** Exercise requirements **
Write out the records that follow exactly. Do not include pictures.

━━━

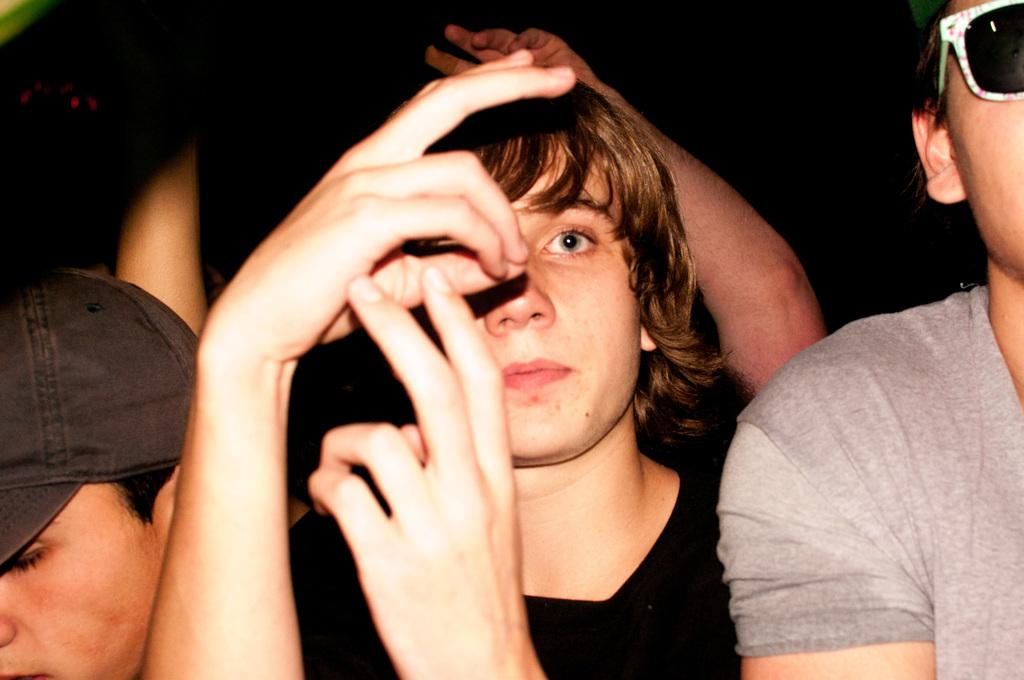How many people are in the image? There are people in the image. Can you describe the appearance of one of the individuals? One person is wearing glasses on the right side. What is another person wearing in the image? Another person is wearing a cap on the left side. How many clovers are visible in the image? There are no clovers present in the image. What type of camera is being used by the person on the left side? There is no camera visible in the image. 
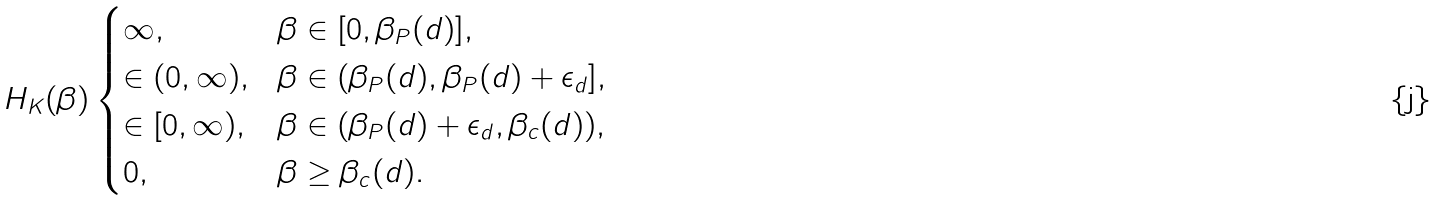Convert formula to latex. <formula><loc_0><loc_0><loc_500><loc_500>H _ { K } ( \beta ) \begin{cases} \infty , & \beta \in [ 0 , \beta _ { P } ( d ) ] , \\ \in ( 0 , \infty ) , & \beta \in ( \beta _ { P } ( d ) , \beta _ { P } ( d ) + \epsilon _ { d } ] , \\ \in [ 0 , \infty ) , & \beta \in ( \beta _ { P } ( d ) + \epsilon _ { d } , \beta _ { c } ( d ) ) , \\ 0 , & \beta \geq \beta _ { c } ( d ) . \end{cases}</formula> 
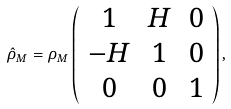Convert formula to latex. <formula><loc_0><loc_0><loc_500><loc_500>\hat { \rho } _ { M } = \rho _ { M } \left ( \begin{array} { c c c } 1 & H & 0 \\ - H & 1 & 0 \\ 0 & 0 & 1 \end{array} \right ) ,</formula> 
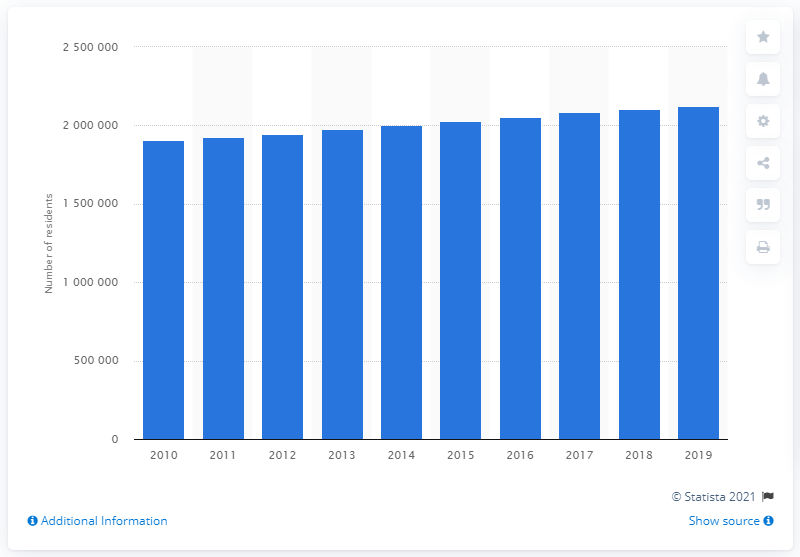Highlight a few significant elements in this photo. According to the data provided, in 2019, there were 2,104,194 individuals living in the Columbus metropolitan area. 
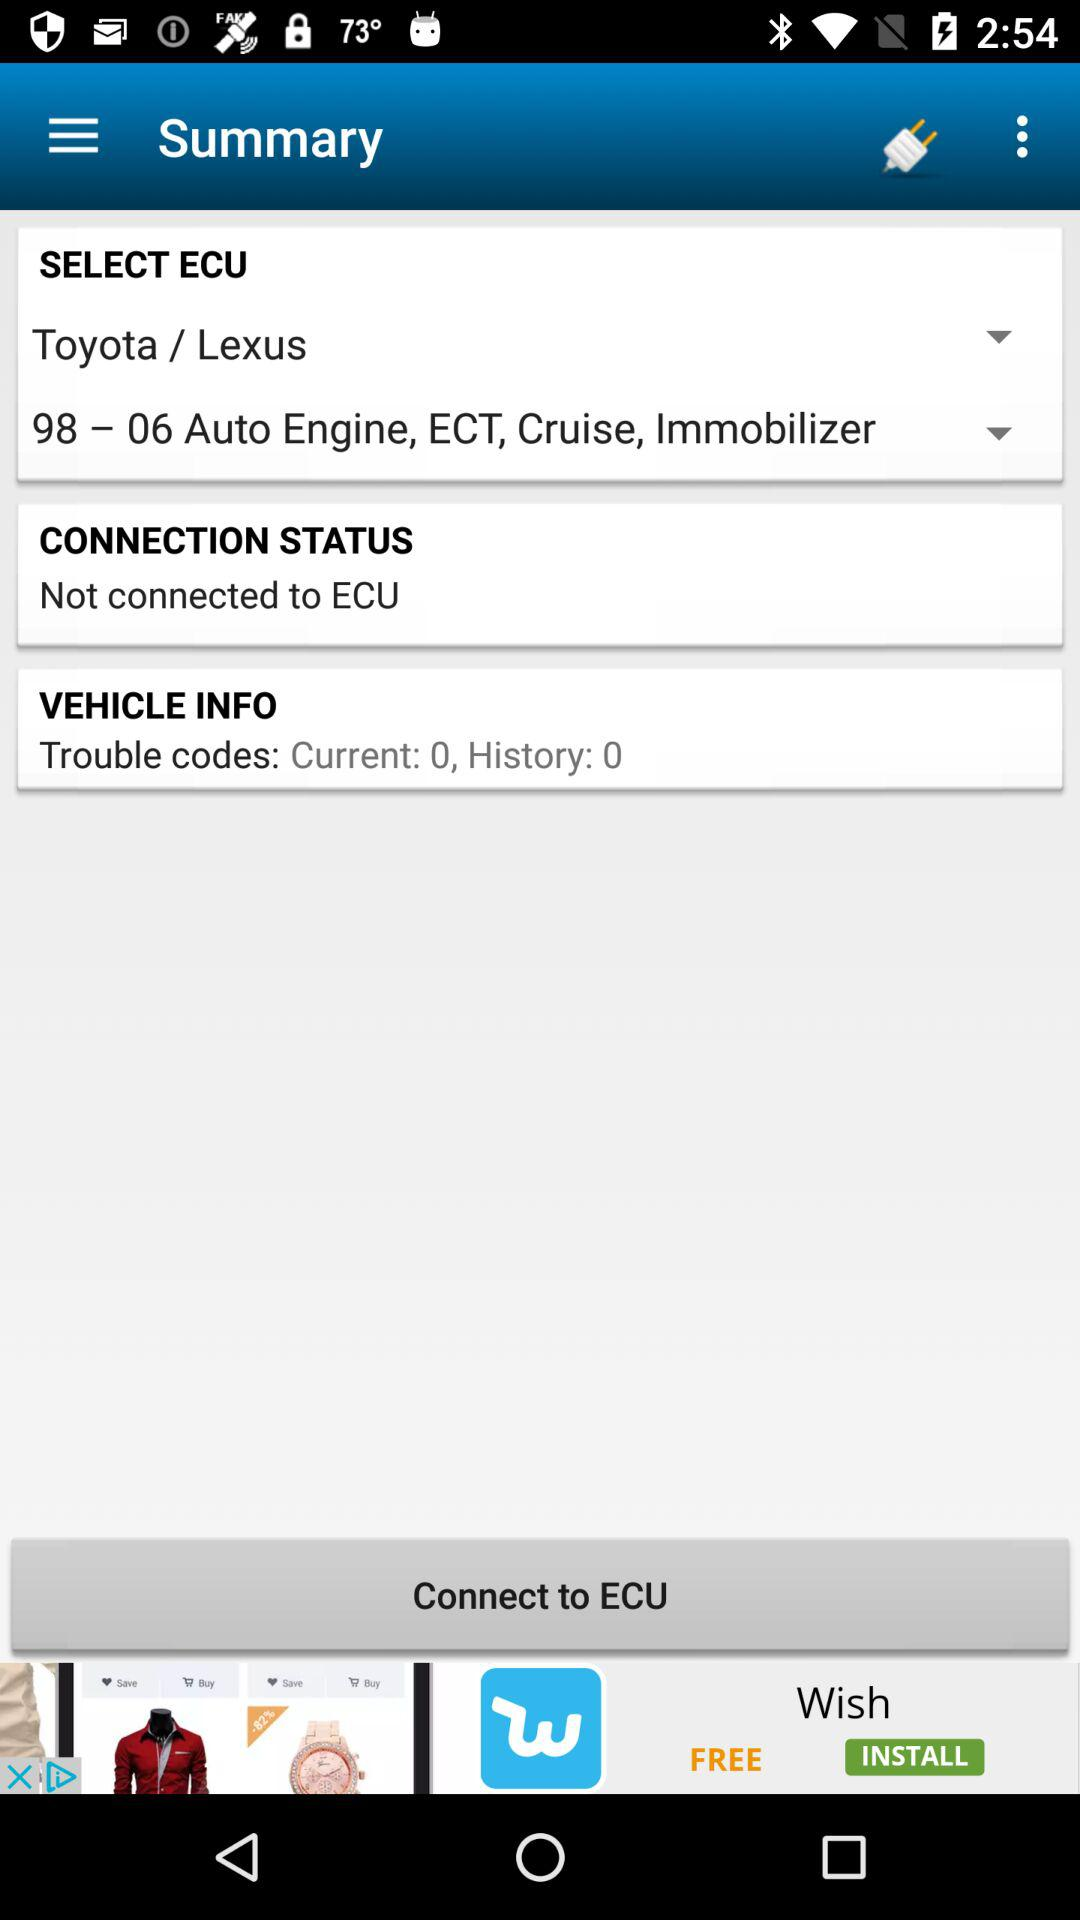What is the current count of Trouble codes in "VEHICLE INFO"? The count is 0.

━━━

** Answer box **
How many people are in the image? There are people in the image. Can you describe the appearance of one of the individuals? One person is wearing glasses on the right side. What is another person wearing in the image? Another person is wearing a cap on the left side. How many clovers are visible in the image? There are no clovers present in the image. What type of camera is being used by the person on the left side? There is no camera visible in the image. 
Convert formula to latex. <formula><loc_0><loc_0><loc_500><loc_500>H _ { K } ( \beta ) \begin{cases} \infty , & \beta \in [ 0 , \beta _ { P } ( d ) ] , \\ \in ( 0 , \infty ) , & \beta \in ( \beta _ { P } ( d ) , \beta _ { P } ( d ) + \epsilon _ { d } ] , \\ \in [ 0 , \infty ) , & \beta \in ( \beta _ { P } ( d ) + \epsilon _ { d } , \beta _ { c } ( d ) ) , \\ 0 , & \beta \geq \beta _ { c } ( d ) . \end{cases}</formula> 
Convert formula to latex. <formula><loc_0><loc_0><loc_500><loc_500>\hat { \rho } _ { M } = \rho _ { M } \left ( \begin{array} { c c c } 1 & H & 0 \\ - H & 1 & 0 \\ 0 & 0 & 1 \end{array} \right ) ,</formula> 
Highlight a few significant elements in this photo. According to the data provided, in 2019, there were 2,104,194 individuals living in the Columbus metropolitan area. 
What is the current count of Trouble codes in "VEHICLE INFO"? The count is 0.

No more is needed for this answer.